======== Extracted records

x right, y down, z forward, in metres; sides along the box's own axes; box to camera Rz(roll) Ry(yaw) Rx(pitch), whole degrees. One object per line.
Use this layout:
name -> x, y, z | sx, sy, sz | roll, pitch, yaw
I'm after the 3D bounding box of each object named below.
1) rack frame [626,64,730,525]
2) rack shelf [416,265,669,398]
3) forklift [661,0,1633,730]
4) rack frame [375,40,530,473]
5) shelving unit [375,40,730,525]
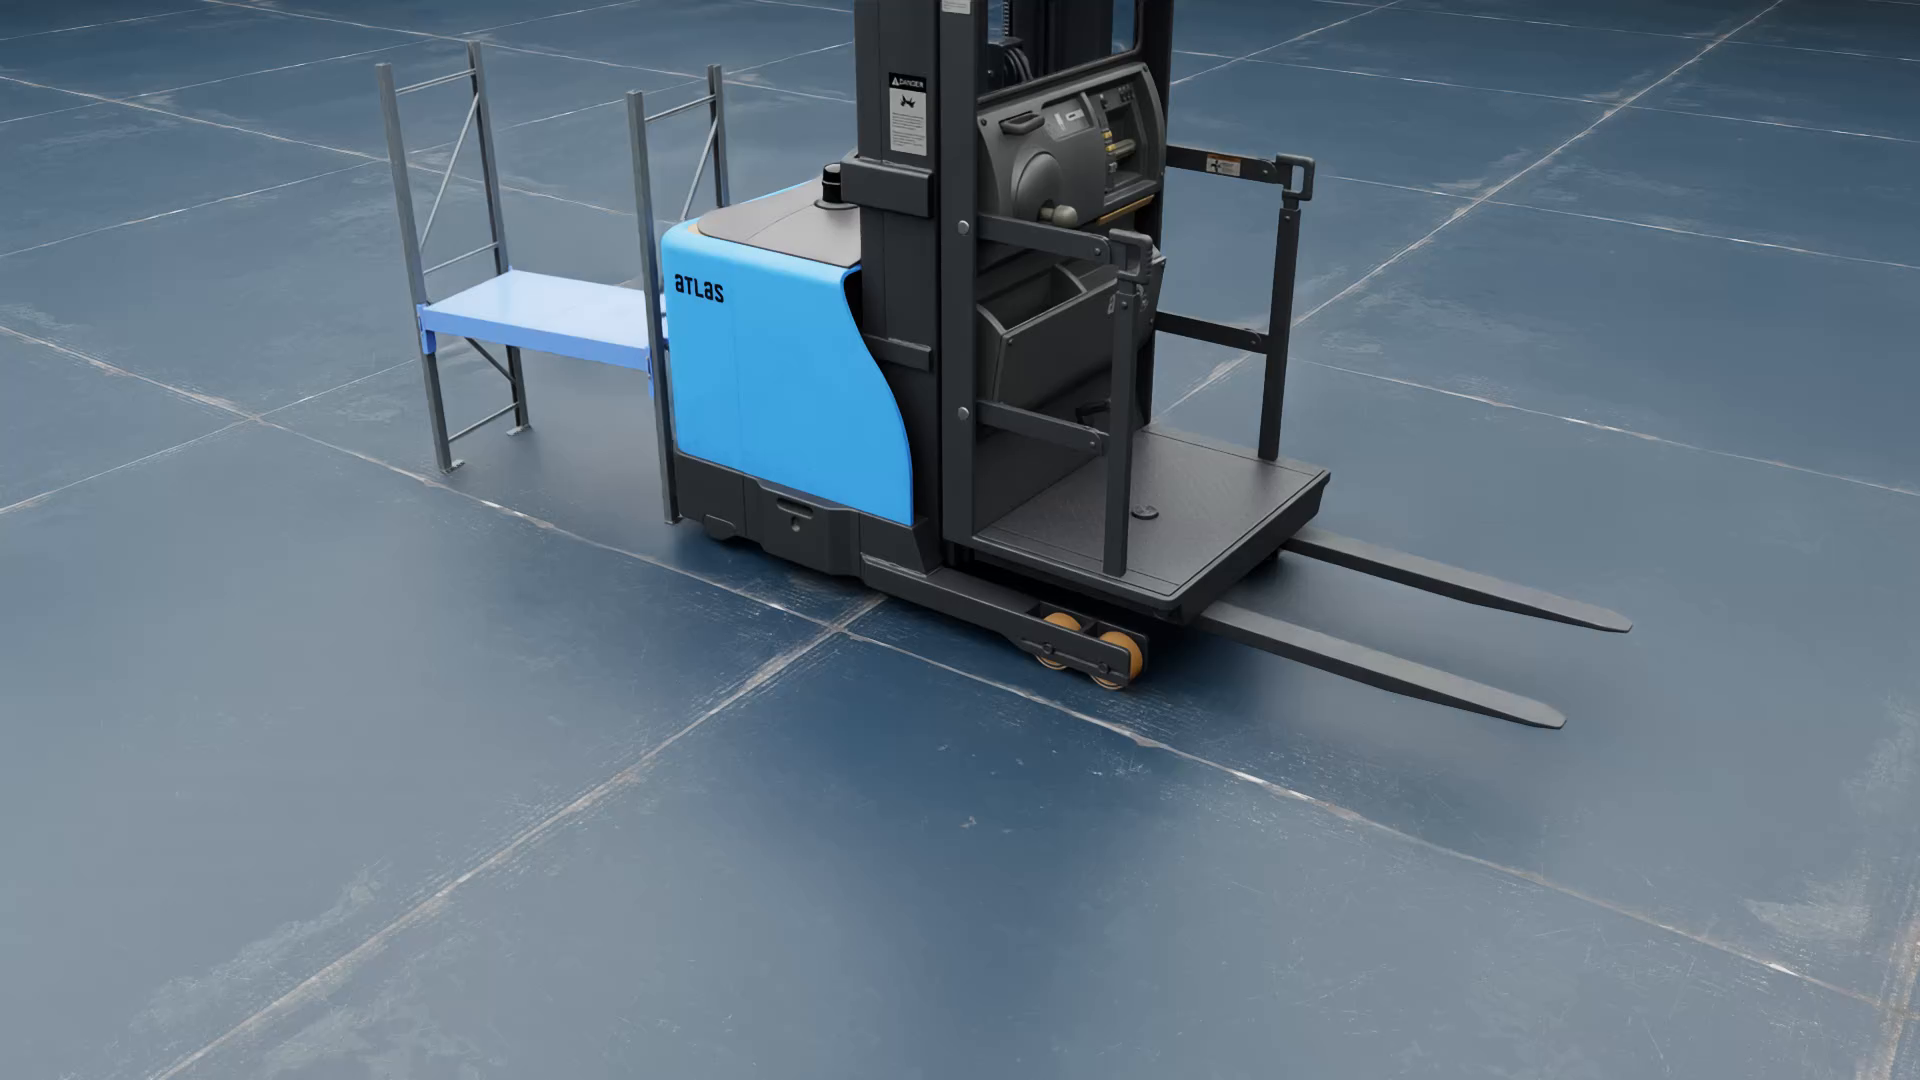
rack frame -> -0.921, -0.827, 5.722 | 0.032, 1.500, 0.500 | 12, 29, 22
rack shelf -> -1.381, -0.765, 5.997 | 1.000, 0.185, 0.538 | 12, 29, 22
forklift -> 0.512, -1.141, 4.761 | 3.031, 2.935, 1.130 | 18, 32, 31
rack frame -> -1.840, -1.024, 6.109 | 0.032, 1.500, 0.500 | 12, 29, 22
shelving unit -> -1.381, -0.926, 5.915 | 1.048, 1.500, 0.538 | 12, 29, 22
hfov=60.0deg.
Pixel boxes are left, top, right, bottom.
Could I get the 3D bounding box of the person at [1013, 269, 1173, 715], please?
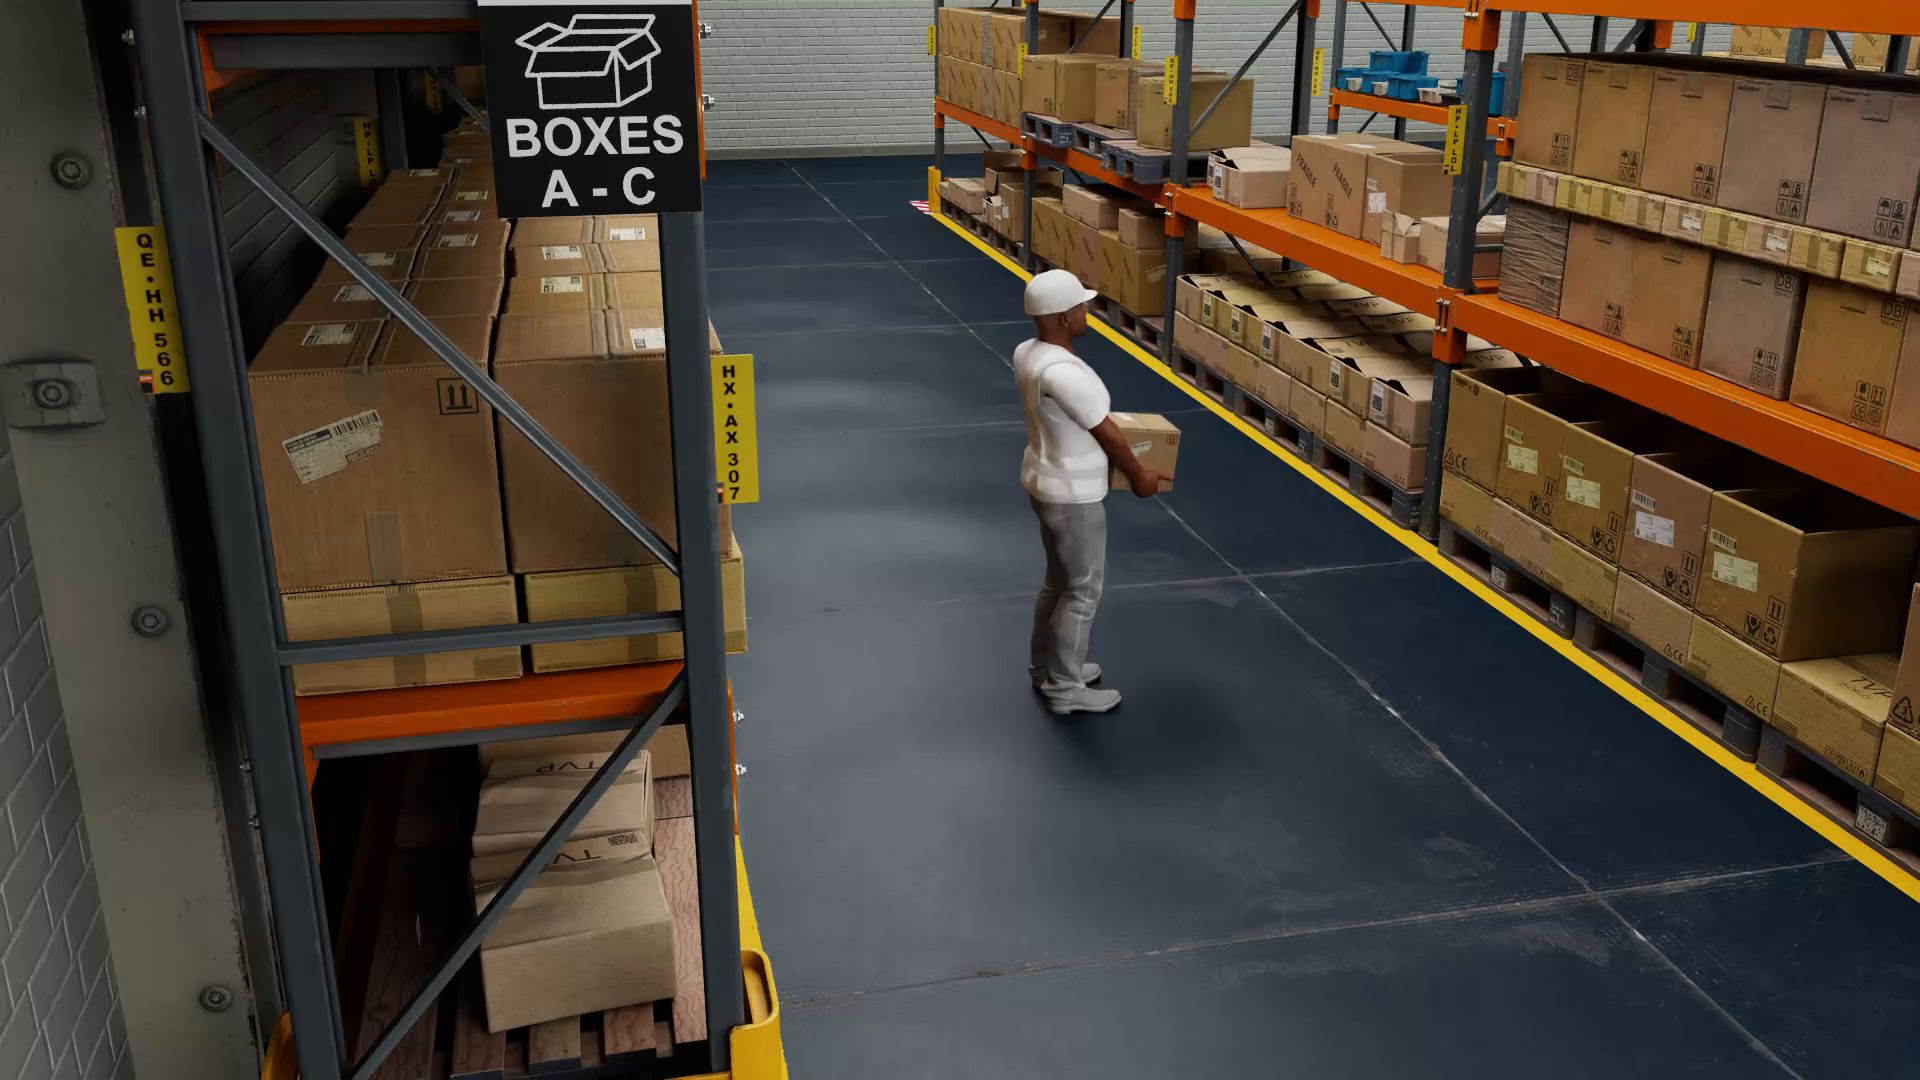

================

One exact copy of the data, no pictures: write it out line for line.

Exercise output
x right, y down, z forward, in metres; sides along the box's own axes; box to camera Rz(roll) Ry(yaw) Rx(pitch), whole degrees. One object per line.
Use this layout:
name -> x, y, z | sx, sy, sz | roll, pitch, yaw
I'm after the 3D bounding box of each object named below.
1) rack frame [626,64,730,525]
2) rack shelf [416,265,669,398]
3) forklift [661,0,1633,730]
4) rack frame [375,40,530,473]
5) shelving unit [375,40,730,525]
rack frame -> -0.921, -0.827, 5.722 | 0.032, 1.500, 0.500 | 12, 29, 22
rack shelf -> -1.381, -0.765, 5.997 | 1.000, 0.185, 0.538 | 12, 29, 22
forklift -> 0.512, -1.141, 4.761 | 3.031, 2.935, 1.130 | 18, 32, 31
rack frame -> -1.840, -1.024, 6.109 | 0.032, 1.500, 0.500 | 12, 29, 22
shelving unit -> -1.381, -0.926, 5.915 | 1.048, 1.500, 0.538 | 12, 29, 22
hfov=60.0deg.
Pixel boxes are left, top, right, bottom.
Could I get the 3D bounding box of the person at [1013, 269, 1173, 715], please?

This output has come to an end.